Bio::DB::Sam - Bio::DB::Bam::AlignmentWrapper->padded_alignment

classic Classic list List threaded Threaded
4 messages Options
Reply | Threaded
Open this post in threaded view
|

Bio::DB::Sam - Bio::DB::Bam::AlignmentWrapper->padded_alignment

Keiran Raine
Hi all,

(some sections of this email have been monospaced, hopefully formatting will be retained)

I'm encountering unexpected results from Bio::DB::Sam when requesting the 'matches' component of the padded_alignment:

TAAACTATAAATAGCTCCTTTCACCTTTAGTCAAAGGAAATATCAAGAAGGCCTGTAGGGTAGCTCCCTATGGCTGTTTAAAAAGTGTTTGATTTTTATG
||||||||||||||||||||||||||||||||||||||||||||||||||||||||||||||||||||||||||||||||||||||||||||||||||||
TAAACTATAAATAGCTCCTTCCACCTTTAGTCAAAGGAAATATCAAGAAGGCCTGTAGGGTAGCTCCCTATGGCTGTTTAAAAAGTGATTGGTTTTTTTT
                    *                                                                  *   *     * *

I've indicated with '*' where I would not expect to see the '|' symbol in the match string.

I've written a patch that resolves this (attached), it may not be the most efficient way to do it but it gives the correct result:

TAAACTATAAATAGCTCCTTTCACCTTTAGTCAAAGGAAATATCAAGAAGGCCTGTAGGGTAGCTCCCTATGGCTGTTTAAAAAGTGTTTGATTTTTATG
|||||||||||||||||||| |||||||||||||||||||||||||||||||||||||||||||||||||||||||||||||||||| ||| ||||| | 
TAAACTATAAATAGCTCCTTCCACCTTTAGTCAAAGGAAATATCAAGAAGGCCTGTAGGGTAGCTCCCTATGGCTGTTTAAAAAGTGATTGGTTTTTTTT

Kind regards,

Keiran Raine
Senior Computer Biologist
The Cancer Genome Project
Ext: 7703


-- The Wellcome Trust Sanger Institute is operated by Genome Research Limited, a charity registered in England with number 1021457 and a compa ny registered in England with number 2742969, whose registered office is 2 15 Euston Road, London, NW1 2BE.


------------------------------------------------------------------------------
Free Software Download: Index, Search & Analyze Logs and other IT data in
Real-Time with Splunk.
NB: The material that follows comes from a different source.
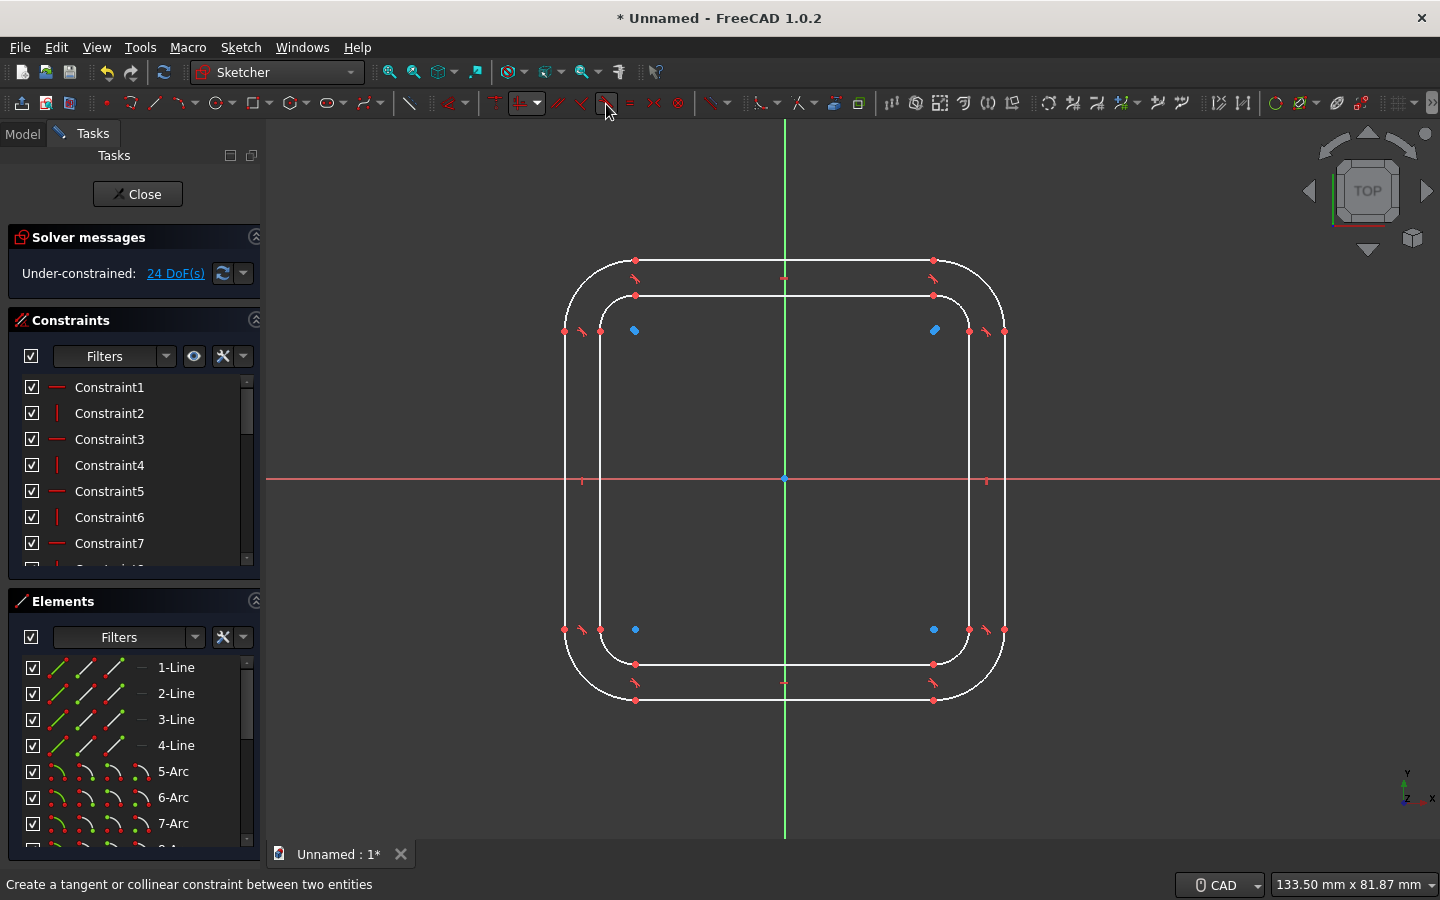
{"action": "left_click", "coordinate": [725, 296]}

Collect, index and harness all the fast moving IT data
generated by your applications, servers and devices whether physical, virtual
or in the cloud. Deliver compliance at lower cost and gain new business
insights. http://p.sf.net/sfu/splunk-dev2dev 
_______________________________________________
Gmod-gbrowse mailing list
[hidden email]
https://lists.sourceforge.net/lists/listinfo/gmod-gbrowse

AlignWrapper.pm.patch (674 bytes) Download Attachment
Reply | Threaded
Open this post in threaded view
|

Re: Bio::DB::Sam - Bio::DB::Bam::AlignmentWrapper->padded_alignment

Keiran Raine
Hi all,

Some subsequent thinking on this has lead to a modification to the patch.  This should be significantly more efficient.


-- The Wellcome Trust Sanger Institute is operated by Genome Research Limited, a charity registered in England with number 1021457 and a company registered in England with number 2742969, whose registered office is 215 Euston Road, London, NW1 2BE.



Keiran Raine
Senior Computer Biologist
The Cancer Genome Project
Ext: 7703





On 28 Feb 2011, at 21:50, Keiran Raine wrote:

Hi all,

(some sections of this email have been monospaced, hopefully formatting will be retained)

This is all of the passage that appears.